Qazi Onik

Personal information
- Full name: Qazi Onik Islam
- Born: 18 March 1999 (age 27) Dhaka, Bangladesh
- Batting: Left-handed
- Bowling: Left-arm medium-fast
- Role: Bowler

Domestic team information
- 2017: Rajshahi Kings
- Source: Cricinfo, 7 January 2021

= Qazi Onik =

Bangladeshi cricketer

Qazi Onik (born 18 March 1999) is a Bangladeshi cricketer. A left-arm medium-fast bowler, he made his Twenty20 debut for Rajshahi Kings on 29 November 2017 in the 2017–18 Bangladesh Premier League.

In December 2017, he was named in Bangladesh's squad for the 2018 Under-19 Cricket World Cup. He was the leading wicket-taker for Bangladesh in the tournament, with 10 wickets.

In February 2018, took his first five-wicket haul in List A cricket, bowling for Mohammedan Sporting Club against Legends of Rupganj in the 2017–18 Dhaka Premier Division Cricket League. He finished the 2017–18 Dhaka Premier Division Cricket League as the leading wicket-taker for Mohammedan Sporting Club, with 28 dismissals in 11 matches.

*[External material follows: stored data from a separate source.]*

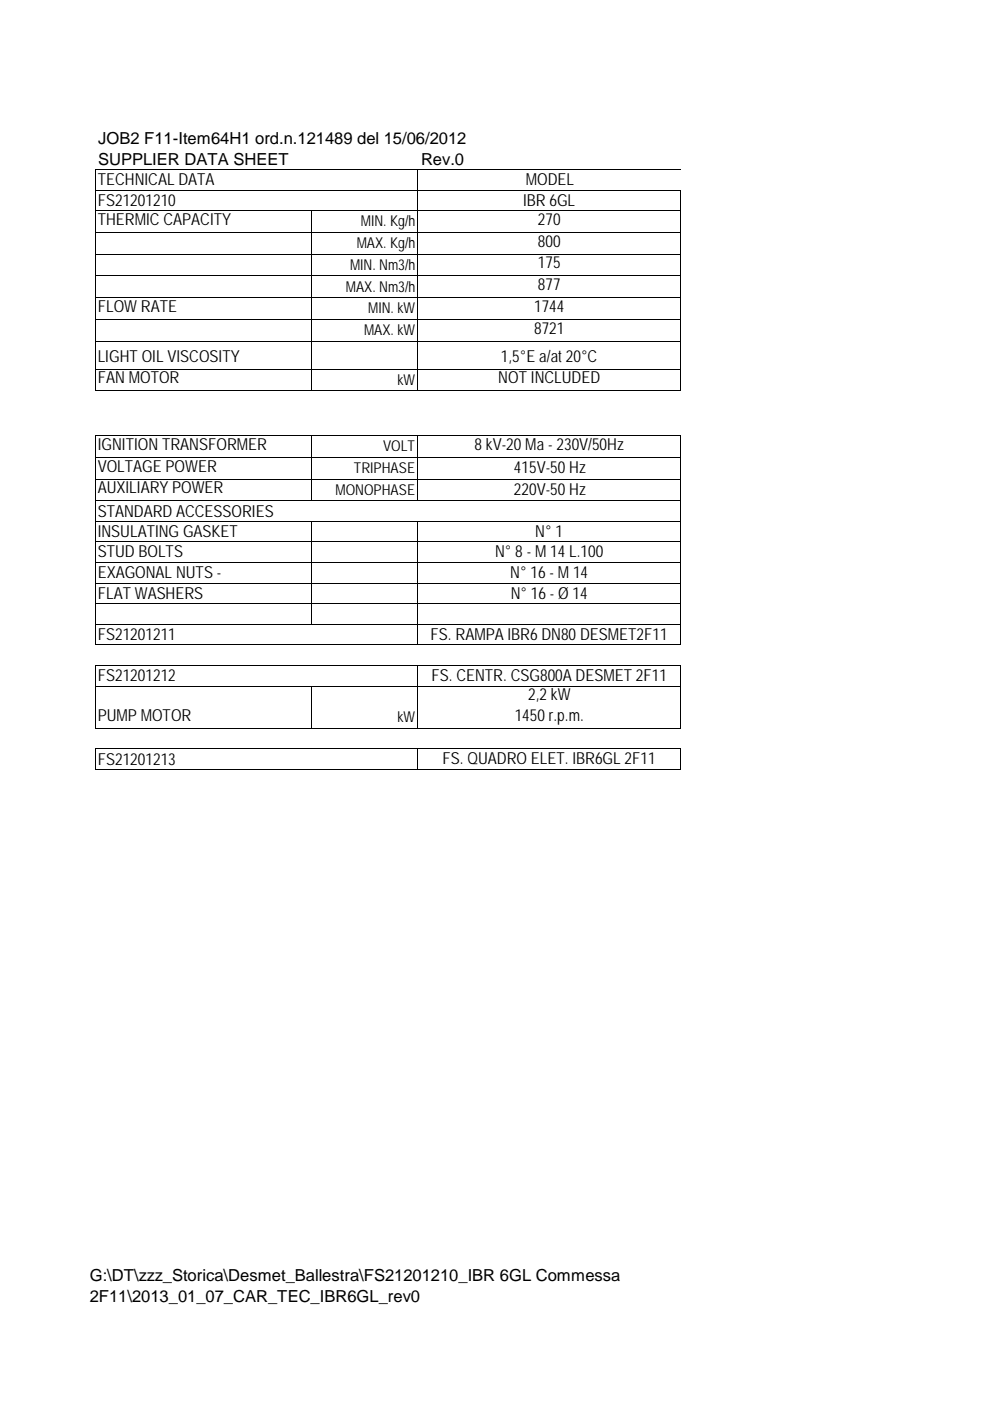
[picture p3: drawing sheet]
<svg xmlns="http://www.w3.org/2000/svg" width="210mm" height="297mm" viewBox="0 0 210 297" stroke-linecap="round" stroke-linejoin="round" font-family="sans-serif">
<defs><g id="words">
<g font-size="3.5">
<text x="20.8" y="30.5">JOB2 F11-Item64H1 ord.n.121489 del 15/06/2012</text>
<text x="20.8" y="34.9">SUPPLIER DATA SHEET</text>
<text x="89.2" y="34.9">Rev.0</text>
<text x="20.7" y="39.2">TECHNICAL DATA</text>
<text x="111.4" y="39.2">MODEL</text>
<text x="20.7" y="47.7">THERMIC CAPACITY</text>
<text x="20.7" y="43.6">FS21201210</text>
<text x="110.8" y="43.6">IBR 6GL</text>
<text x="114" y="47.7">270</text>
<text x="114" y="52.3">800</text>
<text x="114" y="56.9">175</text>
<text x="114" y="61.5">877</text>
<text x="20.7" y="66.1">FLOW RATE</text>
<text x="113.2" y="66.1">1744</text>
<text x="113.2" y="70.7">8721</text>
<text x="20.7" y="76.6">LIGHT OIL VISCOSITY</text>
<text x="106.1" y="76.6">1,5°E a/at 20°C</text>
<text x="20.7" y="81.2">FAN MOTOR</text>
<text x="105.6" y="81.2">NOT INCLUDED</text>
<text x="20.7" y="95.3">IGNITION TRANSFORMER</text>
<text x="100.5" y="95.3">8 kV-20 Ma - 230V/50Hz</text>
<text x="20.7" y="99.9">VOLTAGE POWER</text>
<text x="108.9" y="100.2">415V-50 Hz</text>
<text x="20.7" y="104.6">AUXILIARY POWER</text>
<text x="108.9" y="104.9">220V-50 Hz</text>
<text x="20.7" y="113.8">INSULATING GASKET</text>
<text x="20.7" y="109.5">STANDARD ACCESSORIES</text>
<text x="113.4" y="113.8">N° 1</text>
<text x="20.7" y="118.1">STUD BOLTS</text>
<text x="104.9" y="118.1">N° 8 - M 14 L.100</text>
<text x="20.7" y="122.5">EXAGONAL NUTS -</text>
<text x="108.1" y="122.5">N° 16 - M 14</text>
<text x="20.7" y="126.9">FLAT WASHERS</text>
<text x="108.2" y="126.9">N° 16 - Ø 14</text>
<text x="20.7" y="135.6">FS21201211</text>
<text x="91.2" y="135.6">FS. RAMPA IBR6 DN80 DESMET2F11</text>
<text x="20.7" y="144.4">FS21201212</text>
<text x="91.4" y="144.3">FS. CENTR. CSG800A DESMET 2F11</text>
<text x="111.9" y="148.3">2,2 kW</text>
<text x="20.7" y="152.8">PUMP MOTOR</text>
<text x="109.1" y="152.8">1450 r.p.m.</text>
<text x="20.7" y="162">FS21201213</text>
<text x="93.8" y="162">FS. QUADRO ELET. IBR6GL 2F11</text>
<text x="19" y="271.4">G:\DT\zzz_Storica\Desmet_Ballestra\FS21201210_IBR 6GL Commessa</text>
<text x="19" y="275.8">2F11\2013_01_07_CAR_TEC_IBR6GL_rev0</text>
</g>
<g font-size="3.2">
<text x="76.5" y="48">MIN. Kg/h</text>
<text x="75.6" y="52.6">MAX. Kg/h</text>
<text x="74.2" y="57.2">MIN. Nm3/h</text>
<text x="73.3" y="61.8">MAX. Nm3/h</text>
<text x="77.1" y="71">MAX. kW</text>
<text x="78" y="66.4">MIN. kW</text>
<text x="84.2" y="81.5">kW</text>
<text x="81.2" y="95.6">VOLT</text>
<text x="75" y="100.2">TRIPHASE</text>
<text x="71.1" y="104.9">MONOPHASE</text>
<text x="84.2" y="153.1">kW</text>
</g>
</g></defs>
<g fill="none" stroke="#000" stroke-width=".21">
<path d="M20.1 35.9v46.9M20.2 35.9h124M88.5 35.9v46.9M20.2 40.3h124M20.2 44.6h124M20.2 49.3h124M20.2 53.9h124M20.2 58.5h124M66 44.7v38.1M144.2 40.3v42.5h-124M20.2 63.1h124M20.2 67.7h124"/>
<path d="M20.2 72.3h124M20.2 78.2h124M20.1 92.3v44.4M20.2 92.3h124v44.4M20.2 96.9h124M66 92.3v13.9M88.5 92.3v13.9M20.2 101.5h124M20.2 106.1h124M20.2 110.5h124M20.2 114.9h124M20.2 119.2h124"/>
<path d="M66 110.5v21.8M88.5 110.5v26.2M20.2 123.6h124M20.2 127.9h124M20.2 132.3h124M20.2 136.7h124M20.1 141v13.4M20.1 158.7v4.4M20.2 158.7h124v4.4h-124M20.2 141h124M20.2 145.4h124M20.2 154.4h124"/>
<path d="M66 145.4v9M88.5 141.1v13.3M88.5 158.7v4.4M144.2 141.1v13.3"/>
</g>
<use href="#words"/>
</svg>

He made his first-class debut for Dhaka Metropolis in the 2018–19 National Cricket League on 1 October 2018. Later the same month, he was named in the squad for the Dhaka Dynamites team, following the draft for the 2018–19 Bangladesh Premier League.

In December 2018, he was named in Bangladesh's team for the 2018 ACC Emerging Teams Asia Cup. In November 2019, he failed a dope test during the 2019–20 National Cricket League. As a result, he was removed from the player's draft for the 2019–20 Bangladesh Premier League. In July 2020, he was given a two-year ban for failing the dope test.